Carolyn Shine, who died late last year at the age of 101, lived a life illuminated by visual arts and illuminated those arts for others. She was my colleague at the Cincinnati Art Museum, my friend before that, and always an example of life lived well.
A Cincinnatian by birth, Carolyn’s home from the beginning was in Clifton, the university section of the city, but she was a graduate of Bryn Mawr College as well as the Cincinnati Art Academy and also studied at the Art Students League. Her own art, very city-oriented, treated buildings and streetscapes and city scenes in general as seen by the artist’s transforming eye; her people were active, engaged, and slightly removed from realistic portrayal.
From 1947 through 1953 she showed regularly in exhibitions of Artists of Cincinnati and Vicinity and her work was also seen in shows presented by the Women’s Art Club of Cincinnati, the Town Club, the Woman’s Exchange and the Cincinnati Art Museum. She had a one-person exhibition at the Town Club in 1950 and her work was part of the Lending Gallery of Local Artists presented by Closson’s, a fashionable furniture store in the city. A newspaper story publicizing some of this activity shows her at the zoo, sketching one of its inhabitants, under the headline “A Kangaroo Poses for Miss C. Shine.” Another early newspaper story on her and her work, illustrated by her painting showing a boy carrying birds to market, still in their feathers, said “Miss Shine has a talent that has great promise for the future.”
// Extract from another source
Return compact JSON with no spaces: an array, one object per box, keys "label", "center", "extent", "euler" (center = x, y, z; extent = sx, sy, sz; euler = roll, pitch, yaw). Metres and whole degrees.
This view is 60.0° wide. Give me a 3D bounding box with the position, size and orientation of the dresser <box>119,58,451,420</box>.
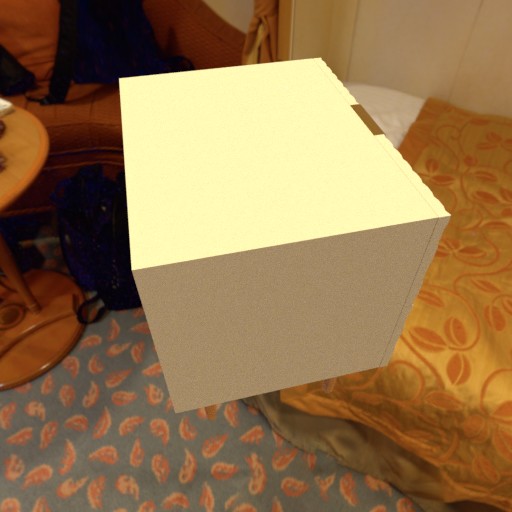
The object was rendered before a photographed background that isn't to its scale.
[{"label":"dresser","center":[0.000,0.000,0.913],"extent":[0.414,0.568,0.503],"euler":[-10,47,-9]}]

From the mid-1940’s into the 1950s Carolyn was assistant to the director of Cincinnati’s Modern Art Society, which would later change its name to Contemporary Arts Center, cut its ties to the Art Museum and become the strong institution it is today. Her own interests stretched beyond contemporary work, however, and she left the Society to join the staff of the Cincinnati Art Museum as registrar, a post that meant she was curator in fact for anything that didn’t fit the Museum’s established departments. A particular portion of this material steadily enlarged, that relating to what people wear, and the Costume Department came to be with Carolyn as curator and someone else taking over the registrar post.
Museums were different in those days, sometimes more casual. At one of the staff meetings Carolyn would have attended a new acquisition, an ancient golden bowl known as the Darien Bowl, was presented by Museum Director Phillip Adams, filled by him with wine, and passed around for all to share. It stays in its display case these days, untouched by wine.
Another difference is that the staff was then tucked here and there about the building, sometimes a short staircase up to an office fitted into a corner or through a discreetly uninviting doorway. This meant that when a staffer left the desk he or she was promptly out among the art works, a reason perhaps that they tended to like their jobs. This still was true when I was working there, in public relations, and certainly one of the reasons I was glad to go to work. For many practical purposes the staff now works in the boxy addition perched atop the old Art Academy building with everyone in easy reach of one another, and of course they venture out from time to time into the actual halls of the Museum. But I think Carolyn and I both liked having the art as near neighbor.
Because Carolyn was a personal friend as well as colleague and often joined our family for holiday celebrations I asked our children (now grown) for memories. One remembers “visiting her behind the scenes. Many Native American artifacts in the office to catch the eye. She was carefully cleaning a new acquisition, a beaded belt, with a tiny vacuum cleaner, the size of pen, and also a small brush, working away, bead by bead.” Another memory: “She had a stylish little Nash Metropolitan car, black and white, looked sort of like a saddle shoe to me. And she had a puffy black and white skirt to match.”
I think Carolyn would be pleased to know that someone noticed and remembers that her car and skirt were compatible.